Auffällig ist weiterhin: Die Menschen bereiten sich in stärkerem Maße auf eine Pflegebedürftigkeit im eigenen häuslichen Umfeld vor. Sie interessieren sich vor allem für altersgemäße Einrichtungen und den Umbau von Wohnung oder Haus (Mittelwert 1,7) oder einen Notrufdienst und Telefonhilfen für Wohnung oder Haus (Mittelwert 1,6). Das Betreute Wohnen liegt ebenfalls noch im oberen Bereich (Mittelwert 1,5). Davon grenzt sich das Interesse für Einrichtungen wie etwa Altenheime, Pflegeheime oder Altentagesstätten ab.

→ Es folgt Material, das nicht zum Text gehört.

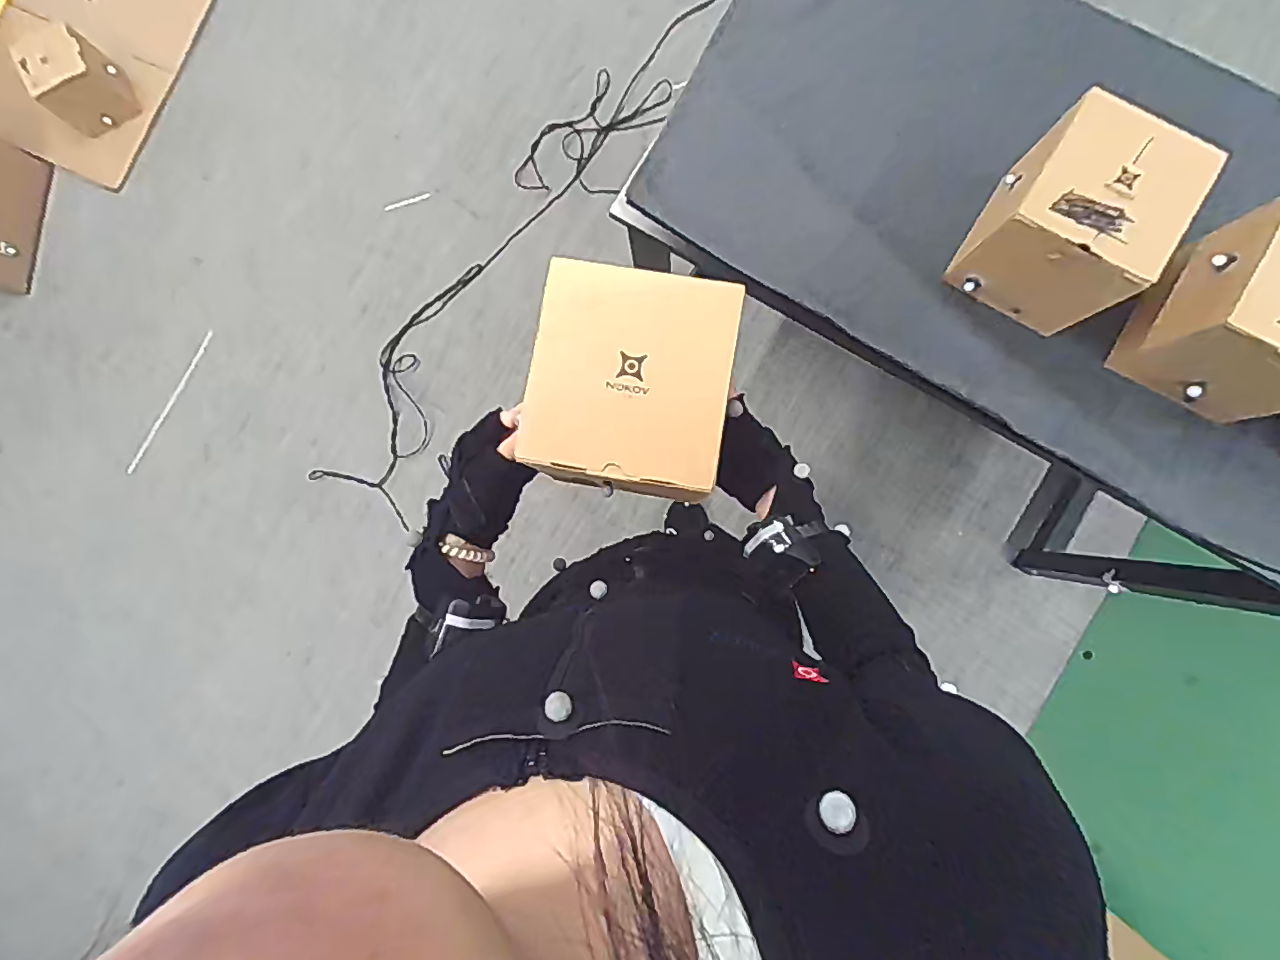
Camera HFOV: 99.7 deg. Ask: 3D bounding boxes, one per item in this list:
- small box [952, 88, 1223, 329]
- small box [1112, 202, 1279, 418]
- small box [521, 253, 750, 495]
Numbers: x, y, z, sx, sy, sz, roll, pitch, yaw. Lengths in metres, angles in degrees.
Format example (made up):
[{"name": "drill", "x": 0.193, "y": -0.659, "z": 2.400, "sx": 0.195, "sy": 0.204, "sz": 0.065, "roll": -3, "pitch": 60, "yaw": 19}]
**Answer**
[{"name": "small box", "x": 0.531, "y": -0.319, "z": 0.675, "sx": 0.168, "sy": 0.176, "sz": 0.179, "roll": 32, "pitch": 87, "yaw": 4}, {"name": "small box", "x": 0.740, "y": -0.198, "z": 0.655, "sx": 0.168, "sy": 0.176, "sz": 0.179, "roll": 30, "pitch": 88, "yaw": 5}, {"name": "small box", "x": -0.002, "y": -0.085, "z": 0.519, "sx": 0.168, "sy": 0.176, "sz": 0.179, "roll": 9, "pitch": 87, "yaw": 2}]

Auch wenn man die Daten zu einer weiteren ähnlichen Frage analysiert, die sich nicht auf die eigene Pflegebedürftigkeit und die Vorbereitungen darauf beziehen, sondern darauf, was die Menschen unternehmen, wenn sie sich um andere Personen kümmern und die Pflege organisieren müssen, sieht der Mittelwertvergleich nahezu identisch aus. Die Verteilung der Mittelwerte zeigt ein ähnliches Bild auf etwas niedrigerem Gesamtniveau.

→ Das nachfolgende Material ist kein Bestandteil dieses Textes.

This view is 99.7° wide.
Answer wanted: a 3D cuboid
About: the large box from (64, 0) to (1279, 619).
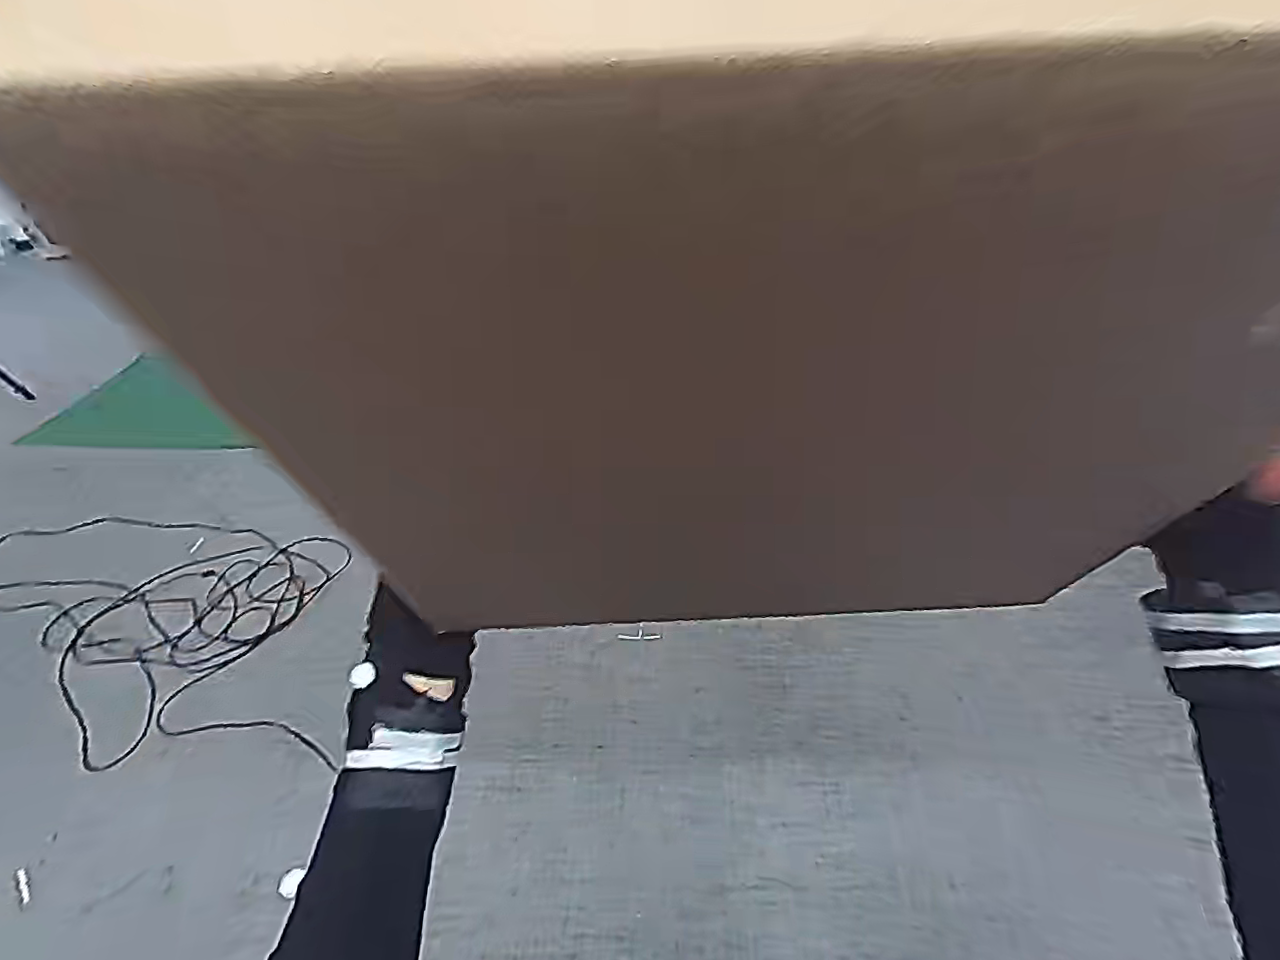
[{"bbox_3d":[0.066,-0.125,0.325,0.408,0.320,0.320,-2,56,-1],"label":"large box"}]
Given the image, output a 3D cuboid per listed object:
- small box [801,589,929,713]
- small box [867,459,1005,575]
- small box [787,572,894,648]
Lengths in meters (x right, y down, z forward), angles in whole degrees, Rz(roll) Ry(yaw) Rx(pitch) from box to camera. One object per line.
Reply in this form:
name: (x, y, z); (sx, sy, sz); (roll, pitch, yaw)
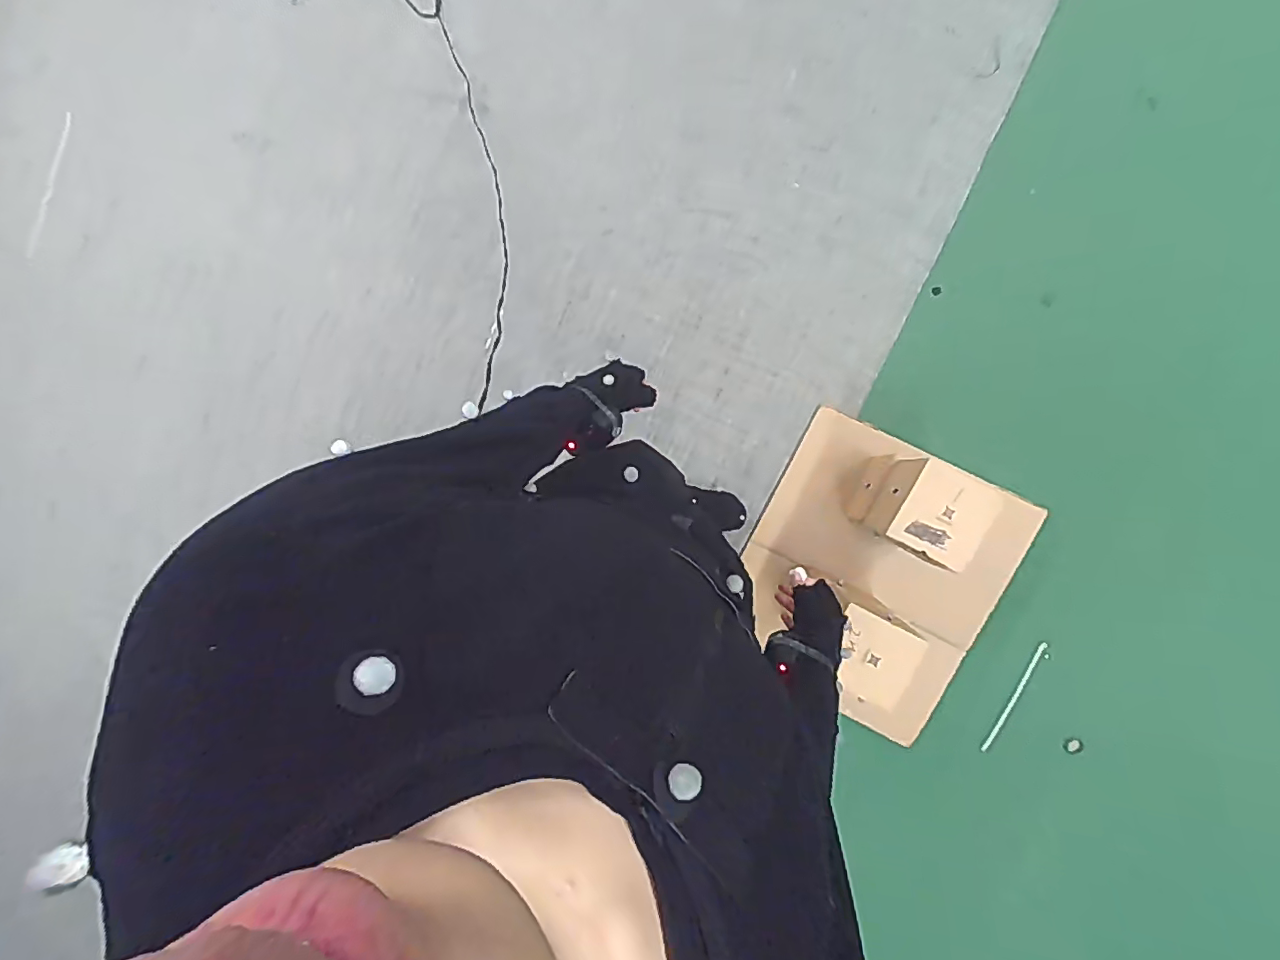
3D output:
small box: (0.470, 0.355, 1.159); (0.179, 0.176, 0.168); (28, 95, 6)
small box: (0.601, 0.072, 1.130); (0.168, 0.176, 0.179); (30, 93, 5)
small box: (0.481, 0.343, 1.325); (0.179, 0.176, 0.168); (25, 95, 6)

Die Daten und ihre Ergebnisse machen auf einen großen Informations-, Aufklärungs-und Motivationsbedarf bezüglich des eigenen Älterwerdens und der Anforderungen an Unterstützung, Hilfe und Pflege für sich selbst und für Angehörige aufmerksam. Ohne eine Sensibilisierung der Bevölkerung für Pflegethemen werden weitergehende Konzepte und neue Modelle erst recht ihr Ziel verfehlen. Eine erste Forderung bezieht sich damit auf die Information, Aufklärung und Motivation der Bevölkerung zu den Themen Pflege, Pflegebedürftigkeit, Pflegeressourcen und geeignete Prävention (SVR 2005: 234), die eine Pflegebedürftigkeit so lange wie möglich auf das späte Lebensalter verschiebt.

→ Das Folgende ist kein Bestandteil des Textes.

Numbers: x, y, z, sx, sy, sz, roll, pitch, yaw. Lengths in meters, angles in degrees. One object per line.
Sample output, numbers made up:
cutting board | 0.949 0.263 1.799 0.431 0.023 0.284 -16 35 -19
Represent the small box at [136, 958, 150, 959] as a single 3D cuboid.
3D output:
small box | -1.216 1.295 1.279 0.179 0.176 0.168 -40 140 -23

Erwartungen an die Unterstützung durch Familie und Verwandte
Fragt man danach, von wem sich die Menschen im Alter Unterstützung erwarten, wenn sie einmal Hilfe oder Pflege benötigen, wird deutlich, dass Pflege im Alter in erster Linie als Aufgabe von Familienangehörigen und Verwandten wahrgenommen wird. 64 Prozent sehen diese Anforderung im Kreis der Familie erfüllt. Darüber hinaus sind die Pflegedienste mit 36 Prozent der Nennungen ebenfalls für diese Aufgabe vorgesehen. Mit einigem Abstand folgen kommunale Einrichtungen oder das weiter gefasste persönliche Umfeld (Nachbarn, Freunde und Bekannte).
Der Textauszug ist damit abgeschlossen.